O'Neill issued a proclamation to the Pale Lords on 15 November 1599, many of whom were Roman Catholic, protesting that his campaign was not for personal power but only for the freedom of the Catholic religion. This was unconvincing to them, as before 1593 he had practised as an Anglican, and was not known for having any great interest in religion.

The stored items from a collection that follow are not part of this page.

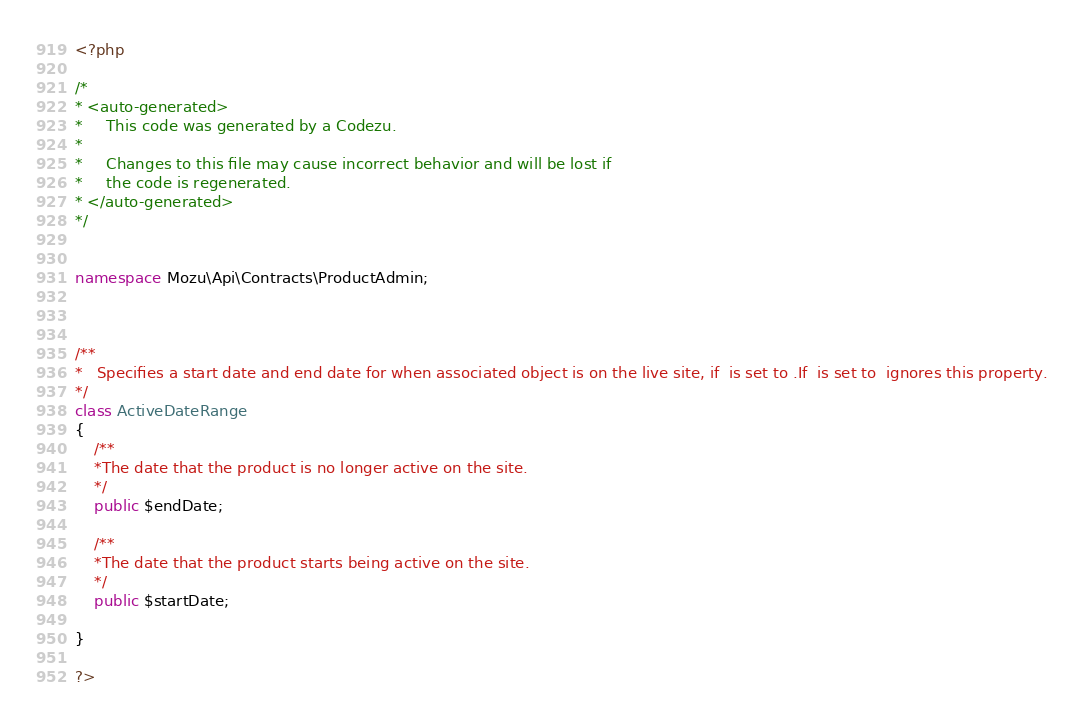Convert code to text. <code><loc_0><loc_0><loc_500><loc_500><_PHP_><?php

/*
* <auto-generated>
*     This code was generated by a Codezu.     
*
*     Changes to this file may cause incorrect behavior and will be lost if
*     the code is regenerated.
* </auto-generated>
*/


namespace Mozu\Api\Contracts\ProductAdmin;



/**
*	Specifies a start date and end date for when associated object is on the live site, if  is set to .If  is set to  ignores this property.
*/
class ActiveDateRange
{
	/**
	*The date that the product is no longer active on the site.
	*/
	public $endDate;

	/**
	*The date that the product starts being active on the site.
	*/
	public $startDate;

}

?>
</code> 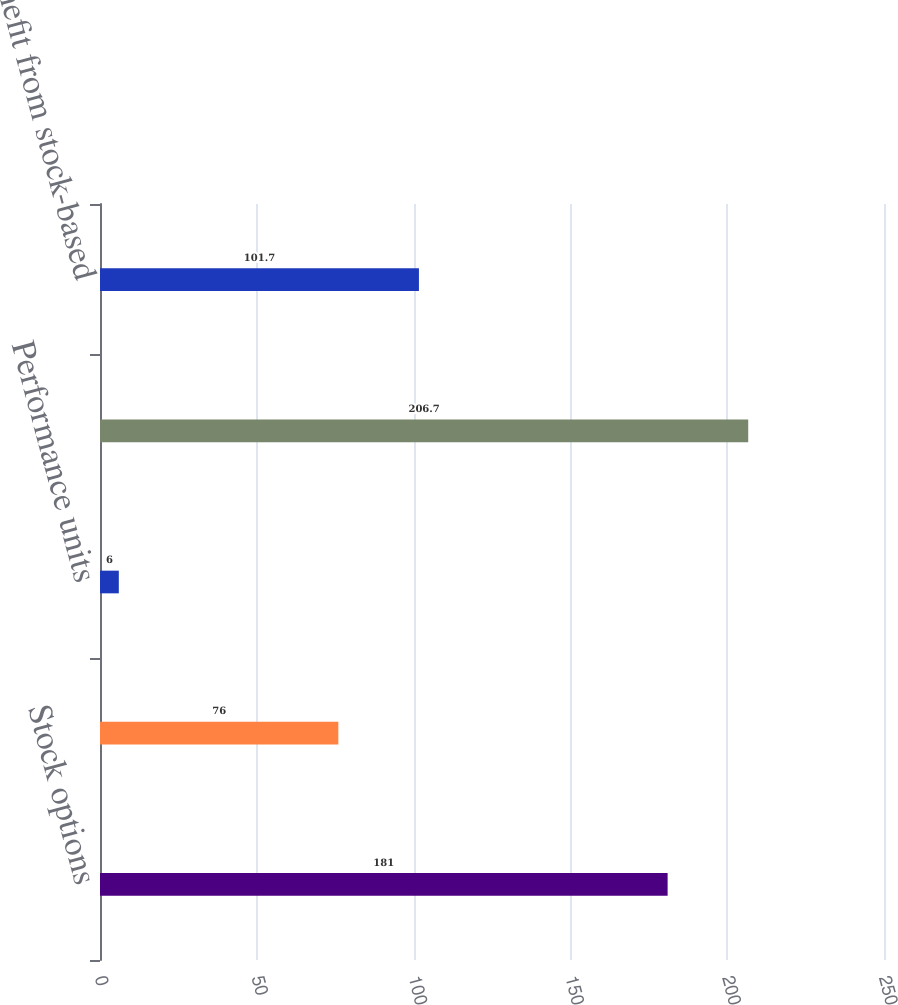Convert chart to OTSL. <chart><loc_0><loc_0><loc_500><loc_500><bar_chart><fcel>Stock options<fcel>Restricted stock<fcel>Performance units<fcel>Total stock-based compensation<fcel>Tax benefit from stock-based<nl><fcel>181<fcel>76<fcel>6<fcel>206.7<fcel>101.7<nl></chart> 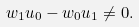Convert formula to latex. <formula><loc_0><loc_0><loc_500><loc_500>w _ { 1 } u _ { 0 } - w _ { 0 } u _ { 1 } \neq 0 .</formula> 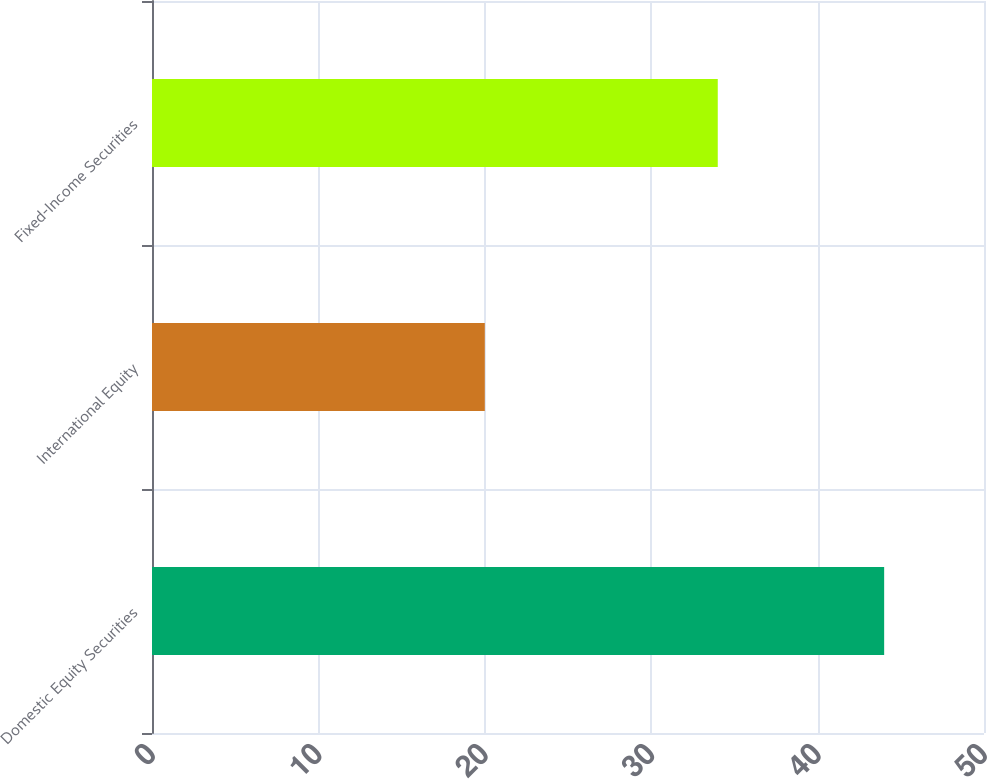Convert chart. <chart><loc_0><loc_0><loc_500><loc_500><bar_chart><fcel>Domestic Equity Securities<fcel>International Equity<fcel>Fixed-Income Securities<nl><fcel>44<fcel>20<fcel>34<nl></chart> 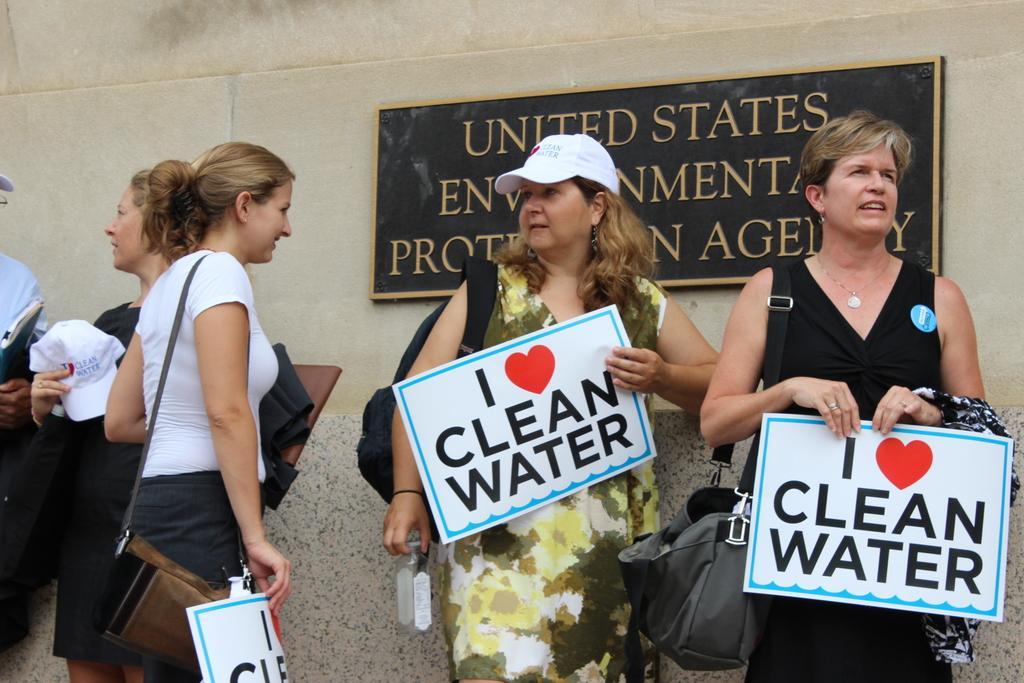Can you describe this image briefly? In this image few women are standing. Behind them there is a wall having a board attached to it. Few women are holding posters in their hands. Middle of the image there is a woman carrying a bag. She is wearing a cap. Left side there is a woman holding a cap. Beside her there is a person holding an object in his hand. 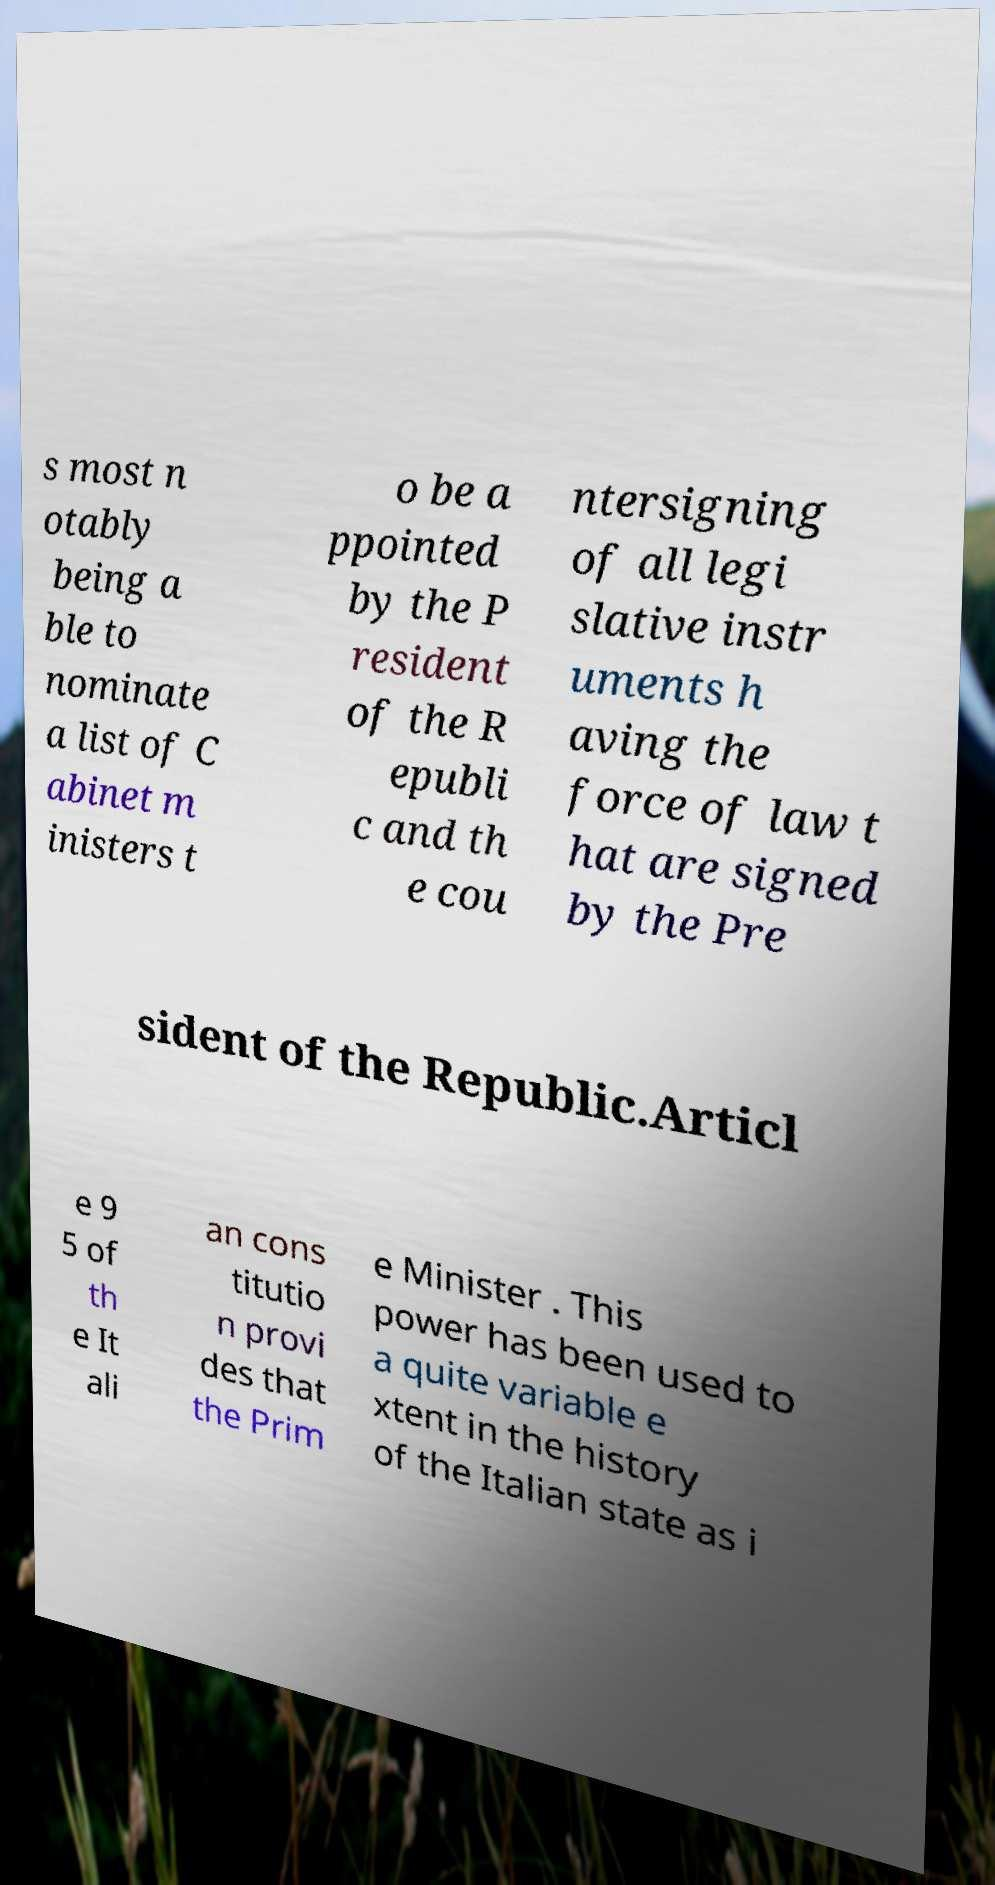I need the written content from this picture converted into text. Can you do that? s most n otably being a ble to nominate a list of C abinet m inisters t o be a ppointed by the P resident of the R epubli c and th e cou ntersigning of all legi slative instr uments h aving the force of law t hat are signed by the Pre sident of the Republic.Articl e 9 5 of th e It ali an cons titutio n provi des that the Prim e Minister . This power has been used to a quite variable e xtent in the history of the Italian state as i

At the international level, O'Neill and O'Donnell had offered themselves as vassals of King Philip II of Spain in late 1595, and suggested that Archduke Albert might be crowned Prince of Ireland, which was declined. In late 1599, in a strong position after Essex's failed campaign, O'Neill sent a list of 22 proposed terms for a peace agreement to Queen Elizabeth, including a request on the status of future English viceroys. This amounted to accepting English sovereignty over Ireland as a reality, while hoping for tolerance and a strong Irish-led administration. The proposal was ignored.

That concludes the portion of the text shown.